▸ **WHAT THE TASK REQUIRES**:
Report how many lines of the listing below include the word "maker". Give nothing but the number.
== DATA FOR THIS TASK
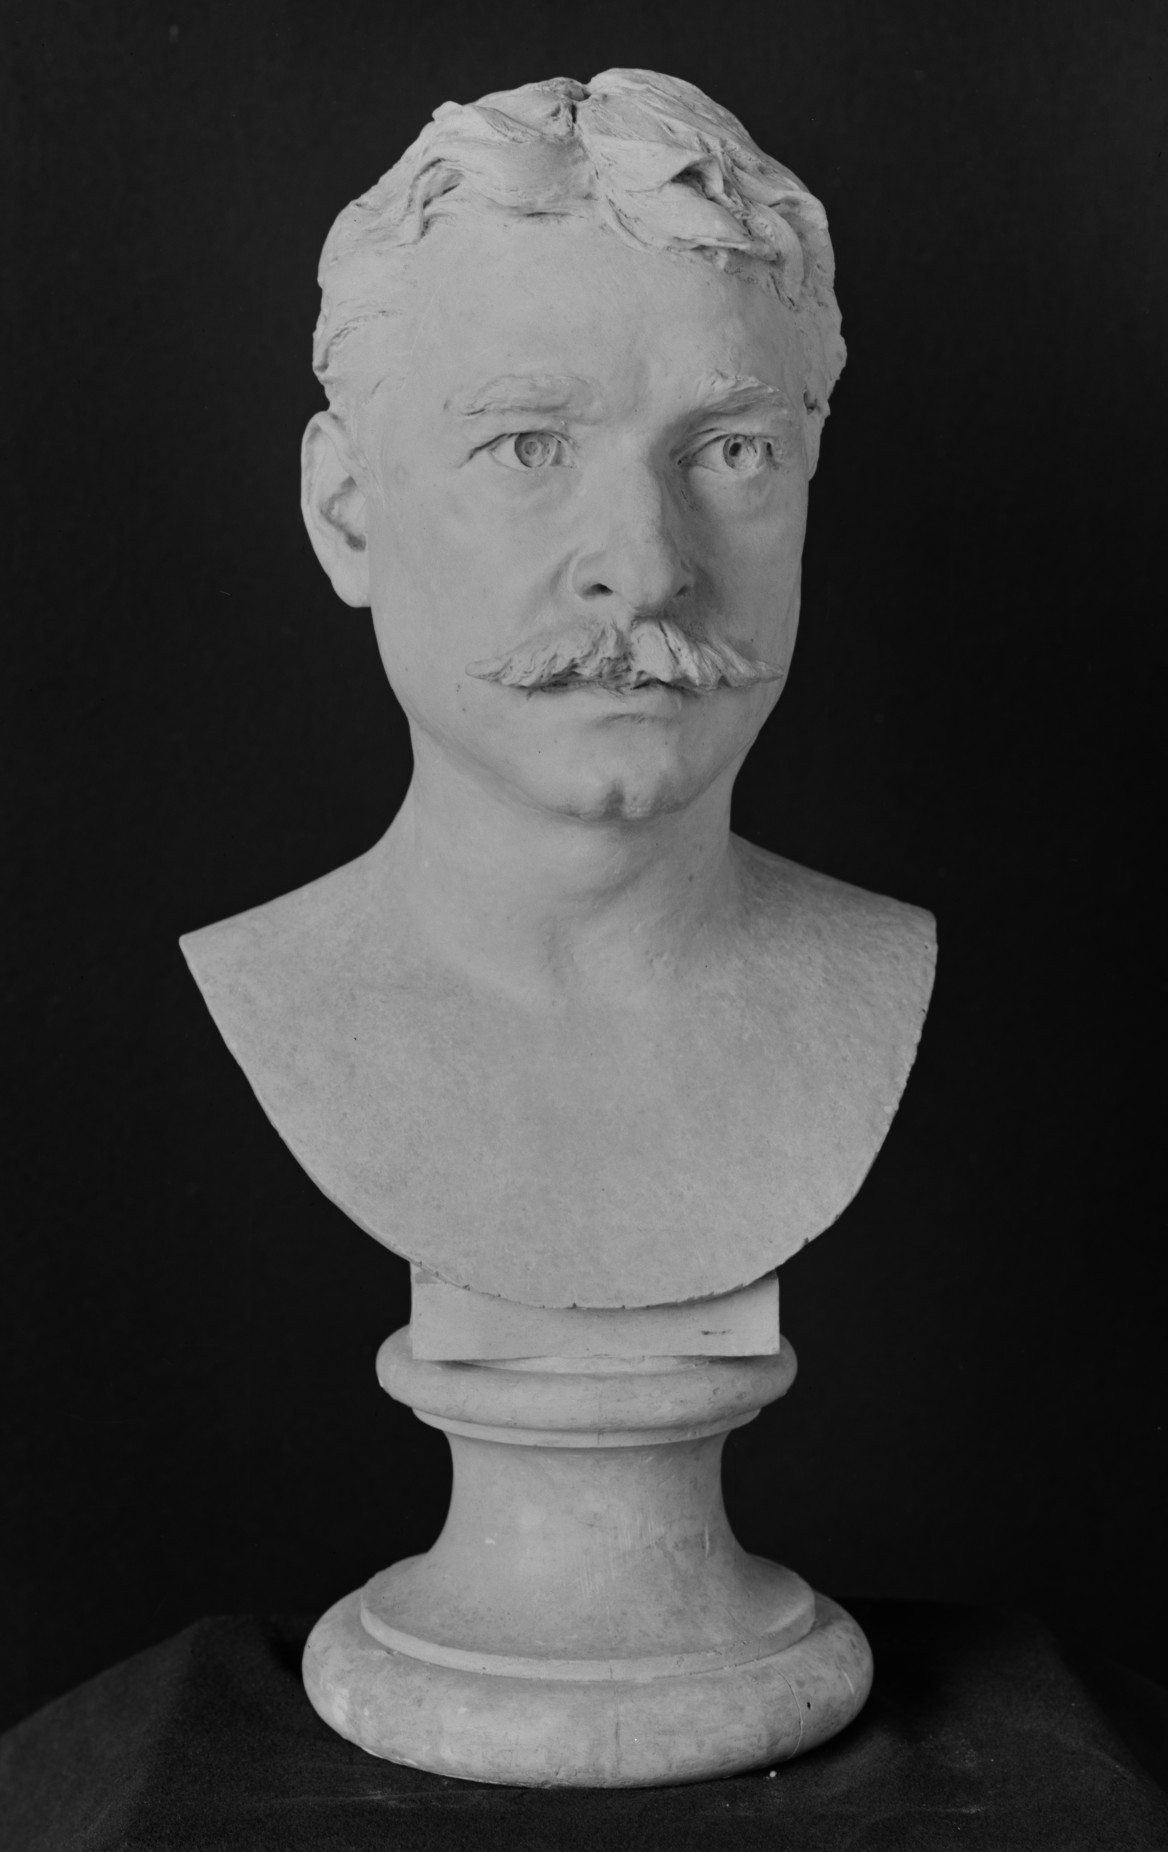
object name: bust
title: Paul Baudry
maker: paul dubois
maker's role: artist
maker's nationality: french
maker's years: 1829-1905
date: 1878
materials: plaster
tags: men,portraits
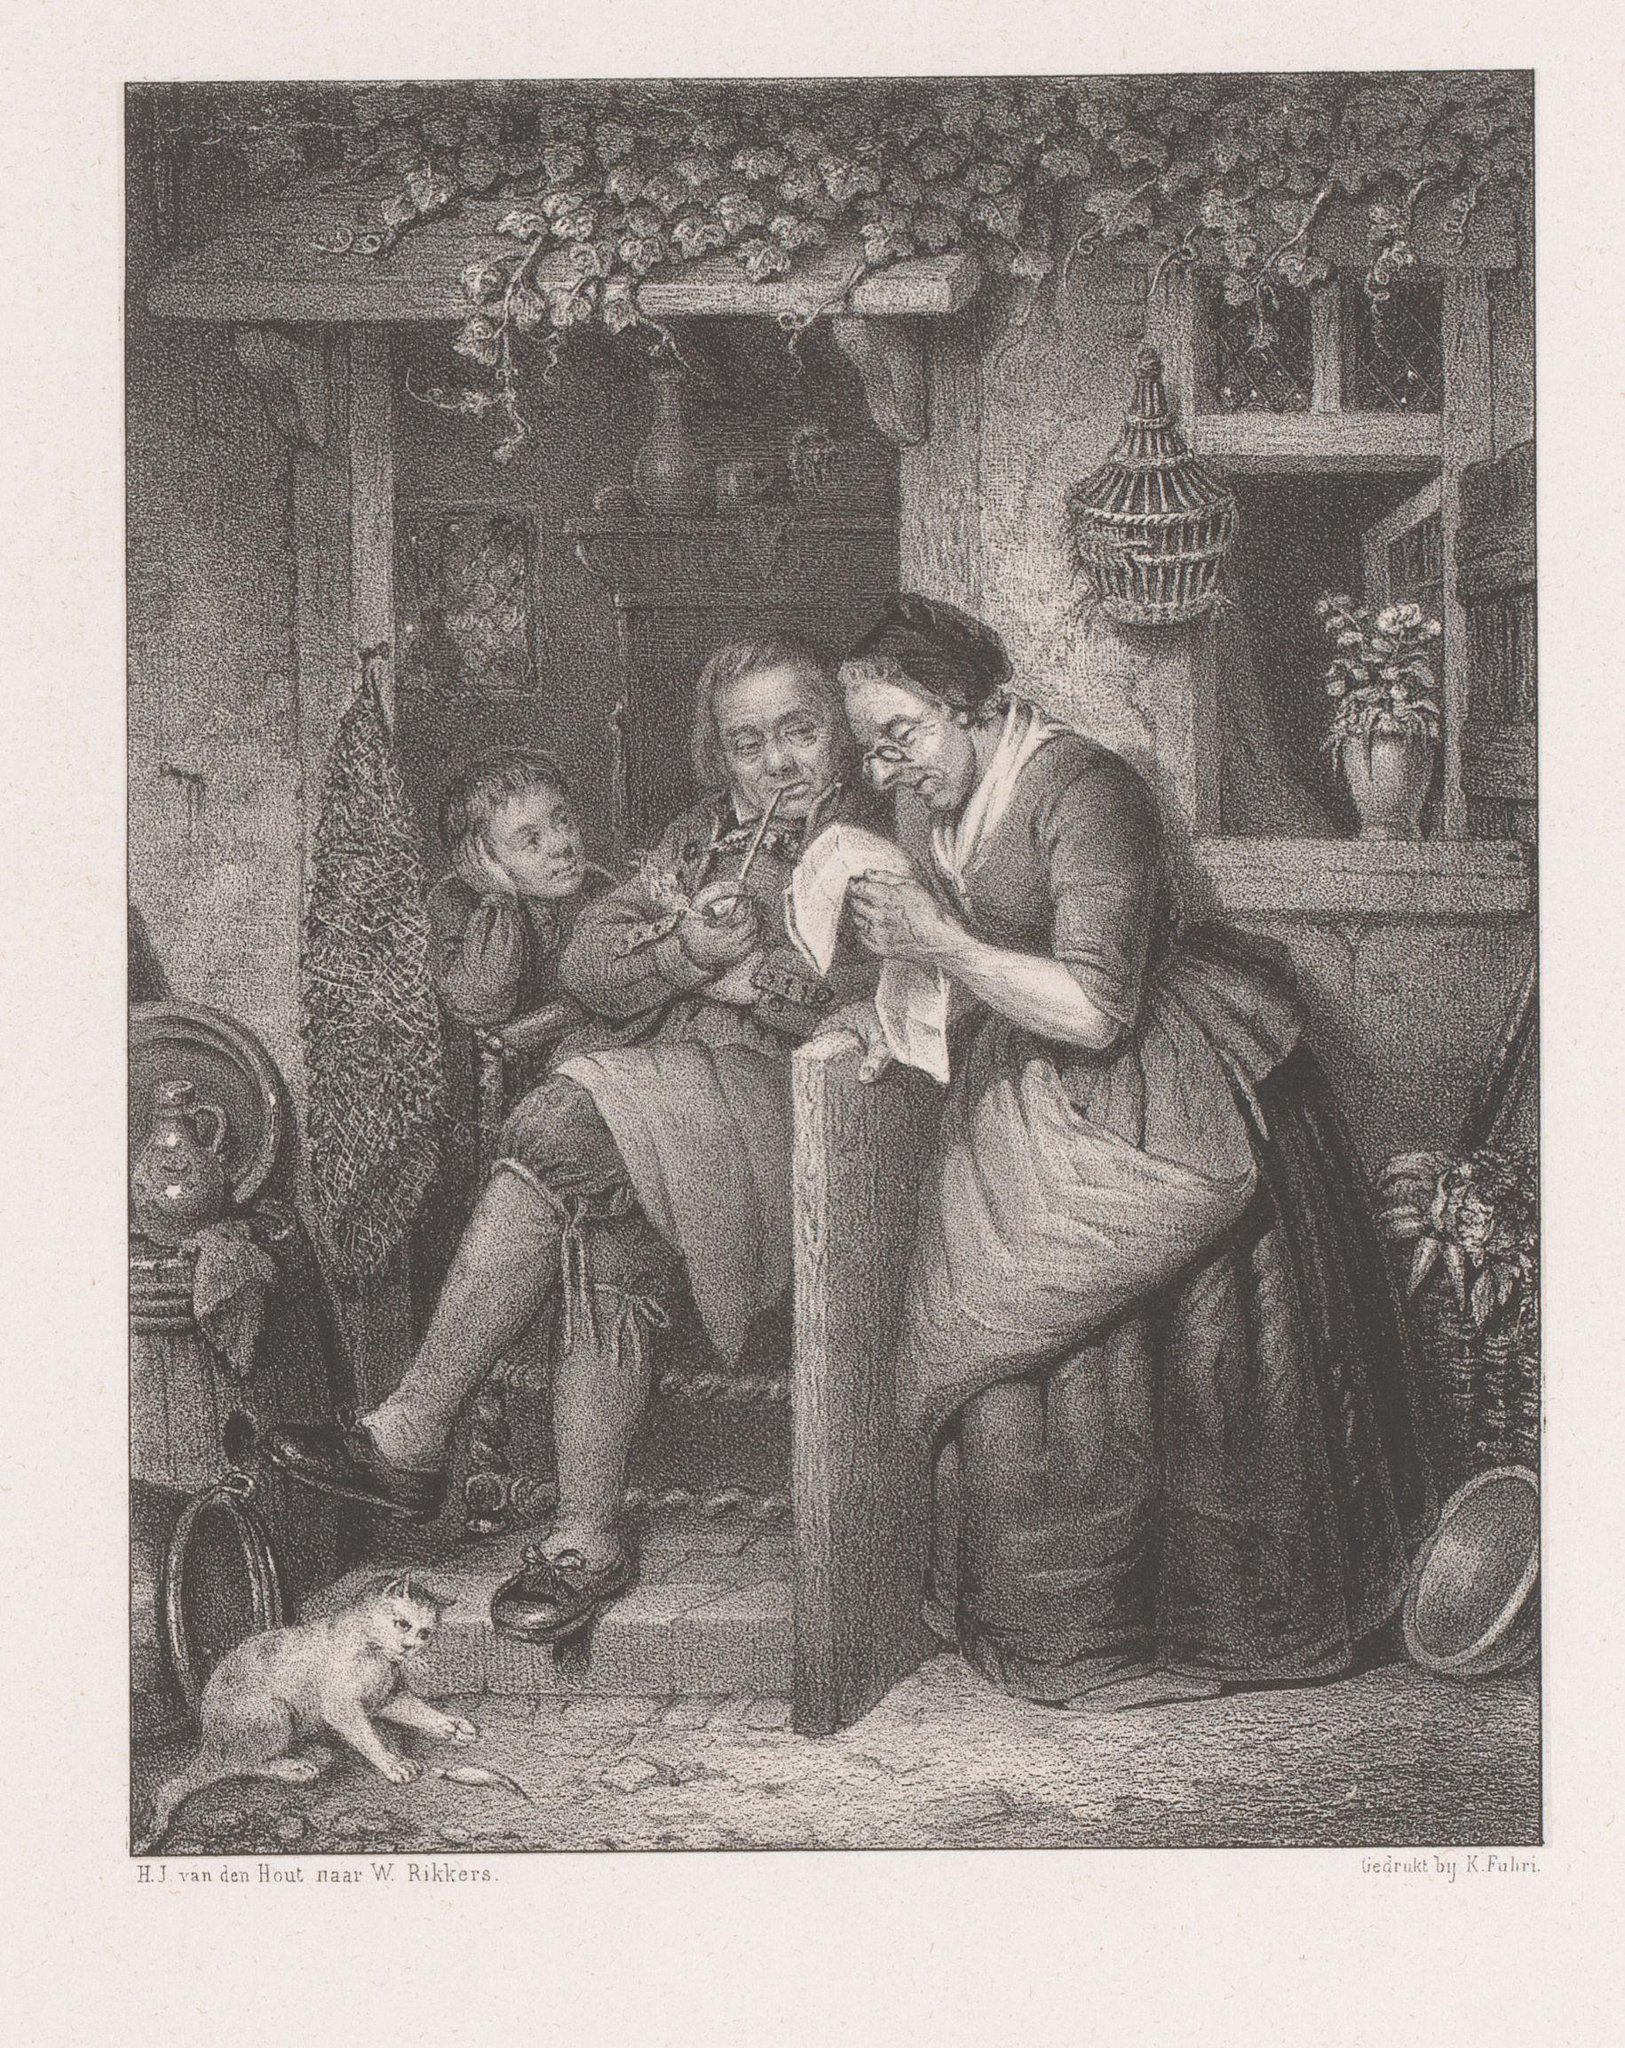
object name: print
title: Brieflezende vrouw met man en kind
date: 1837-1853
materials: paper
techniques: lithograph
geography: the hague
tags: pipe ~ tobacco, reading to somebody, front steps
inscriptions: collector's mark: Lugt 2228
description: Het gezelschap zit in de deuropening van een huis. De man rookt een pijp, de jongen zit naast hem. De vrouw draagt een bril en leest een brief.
====
▸ **TASK OUTPUT**:
4